- [pdf] [supp]
Refine and Redistribute: Multi-Domain Fusion and Dynamic Label Assignment for Unbiased Scene Graph Generation
Scene Graph Generation (SGG) plays an important role in enhancing visual image comprehension. However, existing approaches often struggle to represent implicit relationship features, resulting in a limited ability to distinguish predicates. Meanwhile, they are vulnerable to skewed instance distributions, which impairs effective training for fine-grained predicates. To address these problems, we propose a novel feature refinement and data redistribution framework (RAR). Specifically, a multi-domain fusion (MDF) module is designed to acquire comprehensive predicate representations, integrating global knowledge from the contextual domain and local details in the spatial-frequency domains. Then, we introduce a dynamic label assignment (DLA) strategy to tackle the long-tailed problem. Different predicate categories are adaptively grouped, accommodating varying training conditions.

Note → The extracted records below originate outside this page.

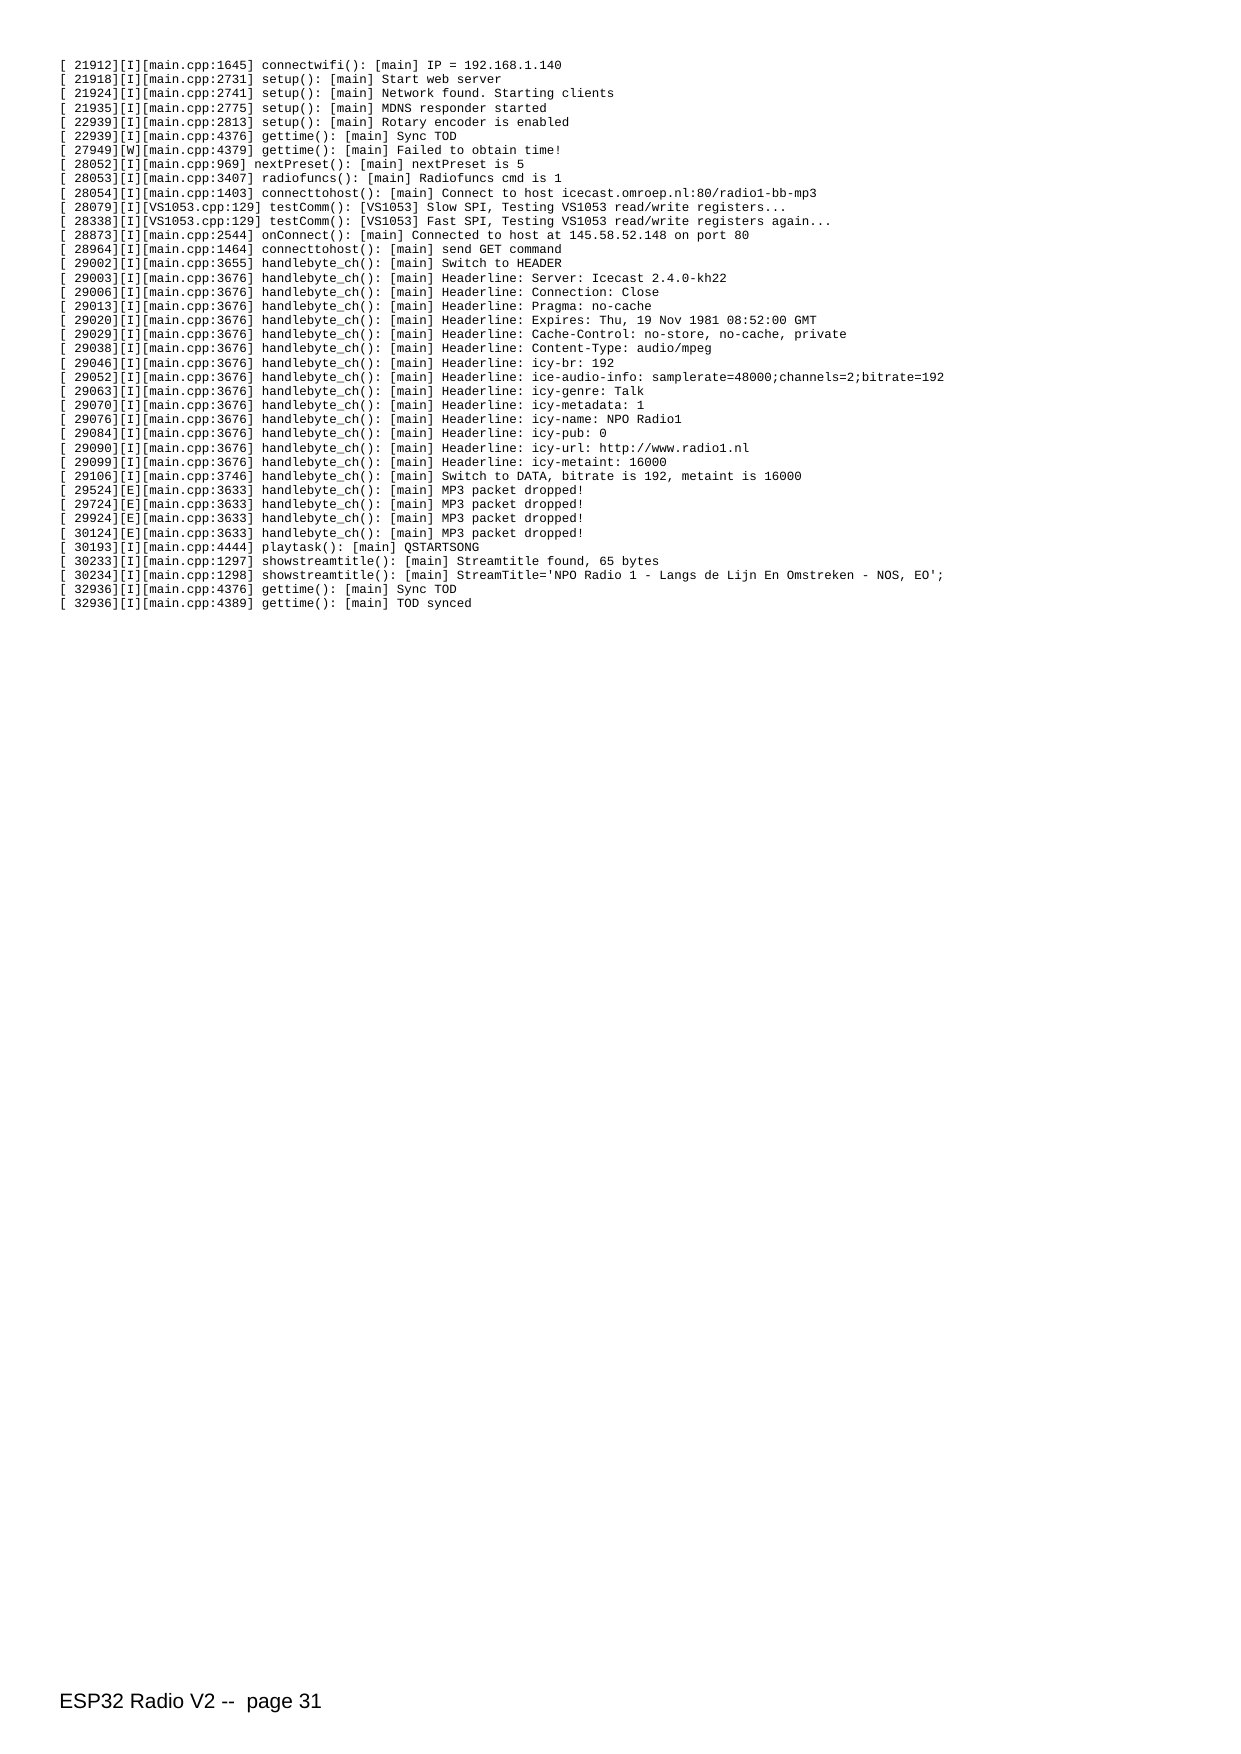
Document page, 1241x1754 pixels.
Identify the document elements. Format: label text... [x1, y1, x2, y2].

text [ 29070][I][main.cpp:3676] handlebyte_ch(): [main] Headerline: icy-metadata: 1 [59, 399, 1181, 413]
text [ 28079][I][VS1053.cpp:129] testComm(): [VS1053] Slow SPI, Testing VS1053 read/write registers... [59, 201, 1181, 215]
text [ 29038][I][main.cpp:3676] handlebyte_ch(): [main] Headerline: Content-Type: audio/mpeg [59, 342, 1181, 357]
text [ 29006][I][main.cpp:3676] handlebyte_ch(): [main] Headerline: Connection: Close [59, 286, 1181, 300]
text [ 29020][I][main.cpp:3676] handlebyte_ch(): [main] Headerline: Expires: Thu, 19 Nov 1981 08:52:00 GMT [59, 314, 1181, 328]
text [ 28964][I][main.cpp:1464] connecttohost(): [main] send GET command [59, 243, 1181, 257]
text [ 21912][I][main.cpp:1645] connectwifi(): [main] IP = 192.168.1.140 [59, 59, 1181, 73]
text [ 30193][I][main.cpp:4444] playtask(): [main] QSTARTSONG [59, 541, 1181, 555]
text [ 28053][I][main.cpp:3407] radiofuncs(): [main] Radiofuncs cmd is 1 [59, 172, 1181, 187]
text [ 32936][I][main.cpp:4376] gettime(): [main] Sync TOD [59, 583, 1181, 597]
text [ 28873][I][main.cpp:2544] onConnect(): [main] Connected to host at 145.58.52.148 on port 80 [59, 229, 1181, 243]
text [ 27949][W][main.cpp:4379] gettime(): [main] Failed to obtain time! [59, 144, 1181, 158]
text [ 21924][I][main.cpp:2741] setup(): [main] Network found. Starting clients [59, 87, 1181, 102]
text [ 29046][I][main.cpp:3676] handlebyte_ch(): [main] Headerline: icy-br: 192 [59, 357, 1181, 371]
text [ 28054][I][main.cpp:1403] connecttohost(): [main] Connect to host icecast.omroep.nl:80/radio1-bb-mp3 [59, 187, 1181, 201]
text [ 22939][I][main.cpp:2813] setup(): [main] Rotary encoder is enabled [59, 116, 1181, 130]
text [ 29924][E][main.cpp:3633] handlebyte_ch(): [main] MP3 packet dropped! [59, 512, 1181, 527]
text [ 30124][E][main.cpp:3633] handlebyte_ch(): [main] MP3 packet dropped! [59, 527, 1181, 541]
text [ 29052][I][main.cpp:3676] handlebyte_ch(): [main] Headerline: ice-audio-info: samplerate=48000;channels=2;bitrate=192 [59, 371, 1181, 385]
text [ 30233][I][main.cpp:1297] showstreamtitle(): [main] Streamtitle found, 65 bytes [59, 555, 1181, 569]
text [ 29524][E][main.cpp:3633] handlebyte_ch(): [main] MP3 packet dropped! [59, 484, 1181, 498]
text [ 29063][I][main.cpp:3676] handlebyte_ch(): [main] Headerline: icy-genre: Talk [59, 385, 1181, 399]
text [ 29002][I][main.cpp:3655] handlebyte_ch(): [main] Switch to HEADER [59, 257, 1181, 272]
text [ 30234][I][main.cpp:1298] showstreamtitle(): [main] StreamTitle='NPO Radio 1 - Langs de Lijn En Omstreken - NOS, EO'; [59, 569, 1181, 583]
text [ 21918][I][main.cpp:2731] setup(): [main] Start web server [59, 73, 1181, 87]
text [ 28052][I][main.cpp:969] nextPreset(): [main] nextPreset is 5 [59, 158, 1181, 172]
text [ 29099][I][main.cpp:3676] handlebyte_ch(): [main] Headerline: icy-metaint: 16000 [59, 456, 1181, 470]
text [ 29090][I][main.cpp:3676] handlebyte_ch(): [main] Headerline: icy-url: http://www.radio1.nl [59, 442, 1181, 456]
text [ 29003][I][main.cpp:3676] handlebyte_ch(): [main] Headerline: Server: Icecast 2.4.0-kh22 [59, 272, 1181, 286]
text [ 29724][E][main.cpp:3633] handlebyte_ch(): [main] MP3 packet dropped! [59, 498, 1181, 512]
text [ 32936][I][main.cpp:4389] gettime(): [main] TOD synced [59, 597, 1181, 612]
text [ 29076][I][main.cpp:3676] handlebyte_ch(): [main] Headerline: icy-name: NPO Radio1 [59, 413, 1181, 427]
text [ 29106][I][main.cpp:3746] handlebyte_ch(): [main] Switch to DATA, bitrate is 192, metaint is 16000 [59, 470, 1181, 484]
text [ 29013][I][main.cpp:3676] handlebyte_ch(): [main] Headerline: Pragma: no-cache [59, 300, 1181, 314]
text [ 21935][I][main.cpp:2775] setup(): [main] MDNS responder started [59, 102, 1181, 116]
text [ 29029][I][main.cpp:3676] handlebyte_ch(): [main] Headerline: Cache-Control: no-store, no-cache, private [59, 328, 1181, 342]
text [ 28338][I][VS1053.cpp:129] testComm(): [VS1053] Fast SPI, Testing VS1053 read/write registers again... [59, 215, 1181, 229]
text [ 22939][I][main.cpp:4376] gettime(): [main] Sync TOD [59, 130, 1181, 144]
text [ 29084][I][main.cpp:3676] handlebyte_ch(): [main] Headerline: icy-pub: 0 [59, 427, 1181, 442]
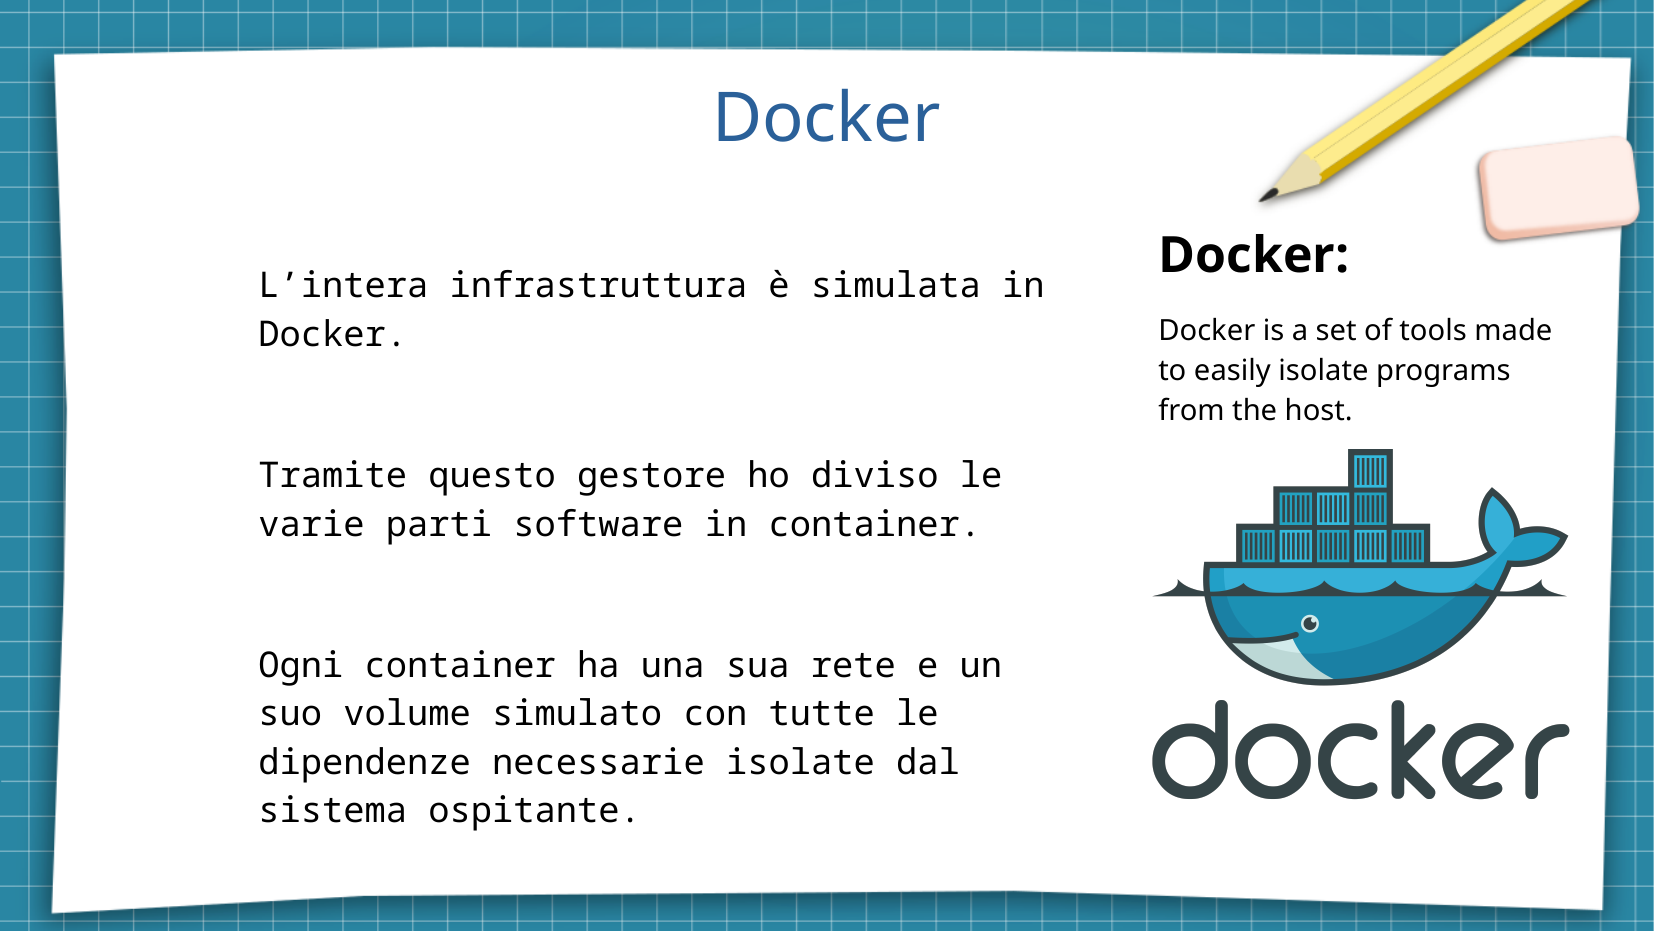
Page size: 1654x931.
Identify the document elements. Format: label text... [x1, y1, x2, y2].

list L’intera infrastruttura è simulata in Docker. Tramite questo gestore ho diviso le varie parti software in container. Ogni container ha una sua rete e un suo volume simulato con tutte le dipendenze necessarie isolate dal sistema ospitante. [187, 259, 1051, 931]
picture [0, 0, 1654, 931]
list Docker: Docker is a set of tools made to easily isolate programs from the host. [1087, 219, 1570, 451]
title Docker [82, 37, 1571, 193]

Guided by this strategy, we leverage a hierarchical auto-encoder to generate siamese samples, expanding the label cardinality. Furthermore, we explore the updated sample space to derive reliable samples and assign tailored labels, ultimately achieving the data rebalancing. Experiments on VG and GQA demonstrate that our model contributes to correcting prediction bias and achieves a significant improvement of approximately 10% in mean recall compared to baseline models.